Team observes third-order exceptional line in nitrogen-vacancy spin system

Researchers have systematically studied the relations between symmetries and high-order non-Hermitian exceptional points (EPs), and observed the third-order exceptional line (EL) in a nitrogen-vacancy (NV) spin system. The work is published in the journal Nature Nanotechnology.

EPs are singularities in non-Hermitian systems, where there are two or more eigenvalues and eigenstates coalesce. Many exotic topological phenomena and novel dynamic features occur thanks to the unique characteristics of EPs. EPs have played an essential role in understanding edge-cutting areas like quantum computing and topological phase transitions.

High-order EPs exhibit richer topological characteristics and better sensing performance than second-order EPs. However, realizing high-order EPs is rather difficult since it relies on the simultaneous tuning of multiple system parameters, and the higher the order of the EPs, the more system parameters must be tuned simultaneously, making the realization process challenging.
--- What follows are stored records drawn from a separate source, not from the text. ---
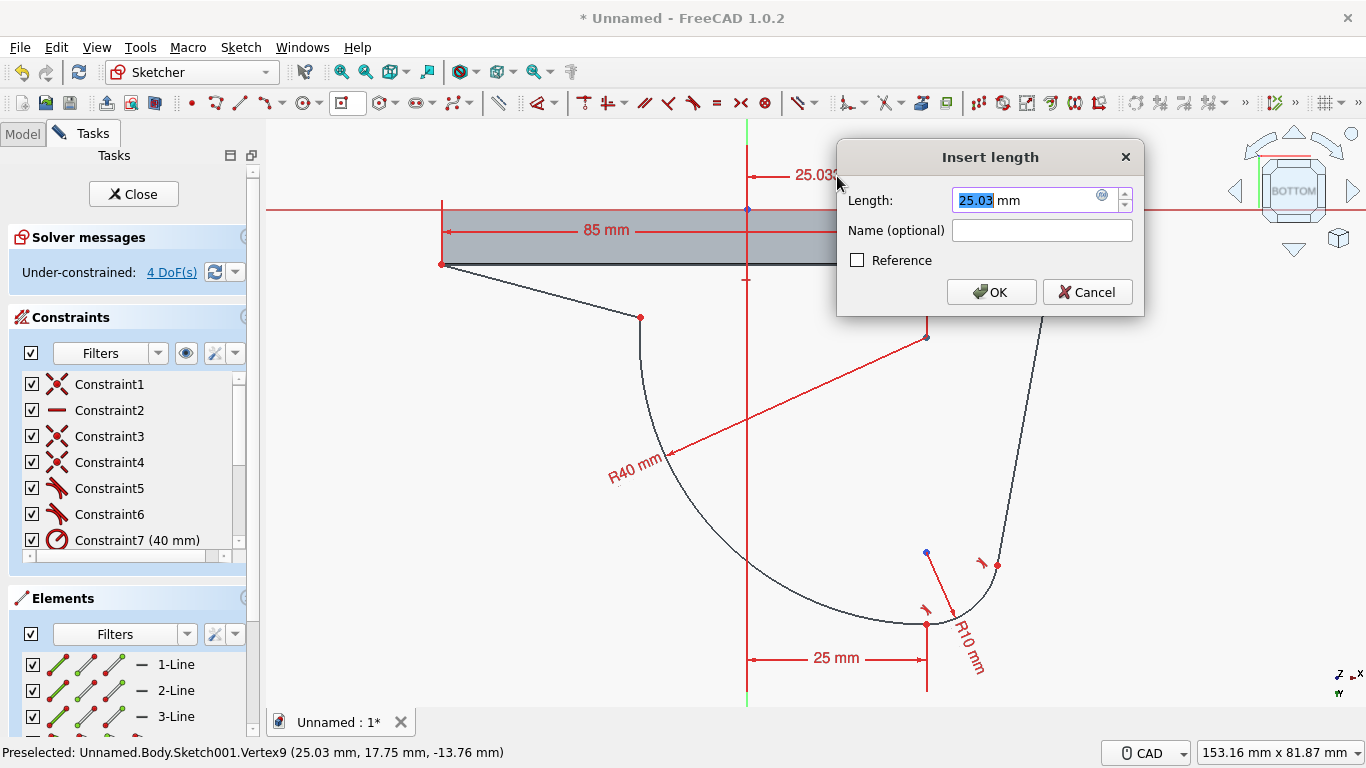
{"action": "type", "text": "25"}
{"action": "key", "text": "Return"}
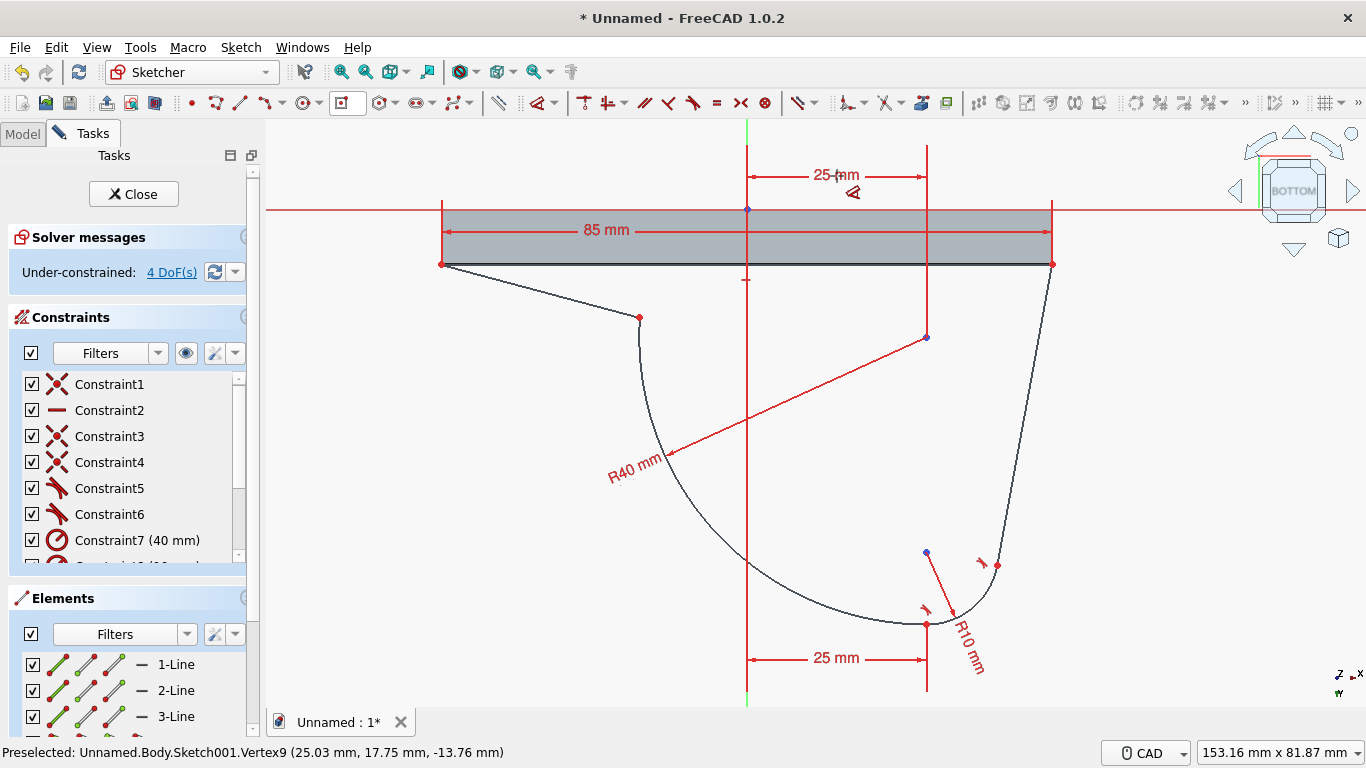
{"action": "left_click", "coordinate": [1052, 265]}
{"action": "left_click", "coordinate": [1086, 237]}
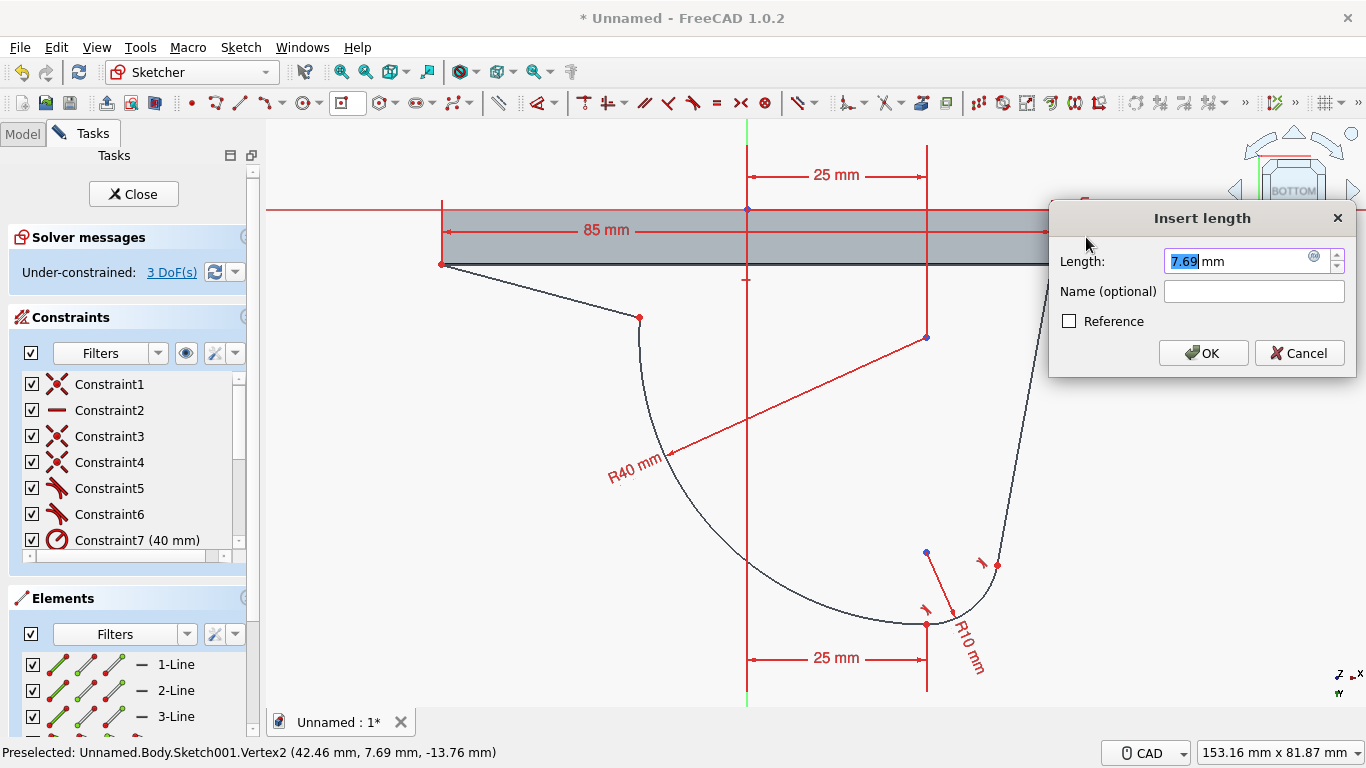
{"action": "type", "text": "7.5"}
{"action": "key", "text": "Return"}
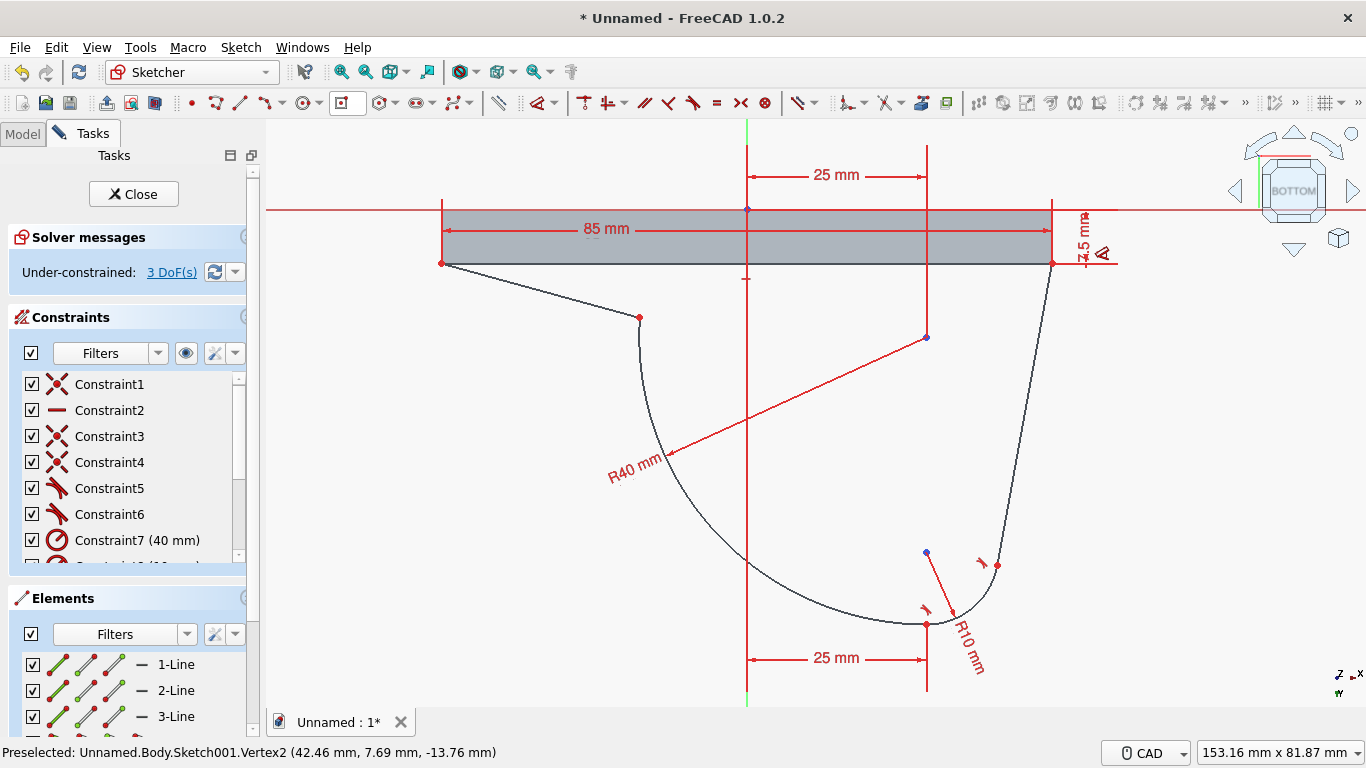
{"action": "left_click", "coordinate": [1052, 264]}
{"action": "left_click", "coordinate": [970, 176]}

The research teams—led by Academician Du Jiangfeng and Prof. Rong Xing from CAS Key Laboratory of Microscale Magnetic Resonance of University of Science and Technology of China (USTC)—utilized a single NV center, an atomic-scale defect in diamond, and the nuclear spin system to realize the non-Hermitian systems that embrace both PT symmetry and pseudochirality. Furthermore, the experimental observation of third-order EL in two-dimensional parameter space was reported.

By systemically investigating the role of symmetry in high-order EP geometries, the researchers revealed that third-order EPs can exist as isolated points when there was only PT symmetry in the non-Hermitian Hamiltonian.

The researchers further explored the relationship between the third-order EPs and the symmetries of the non-Hermitian Hamiltonians. It turned out that there was no third-order EP when the non-Hermitian Hamiltonian had no symmetry, which highlights the importance of symmetries in studying the structure of high-order EPs.

It is worth mentioning that the successful observation of high-order EP geometries has benefited from the former studies in diamonds. Prof. Wang Ya, in particular, has been dedicated to synthesis and production of high-quality diamonds for many years, which has laid a solid foundation for this work.

This work is of fundamental importance to non-Hermitian studies. It can be further applied to explore high-order EP-related topological physics at the atomic scale and shed light on quantum control and quantum-enhanced metrology.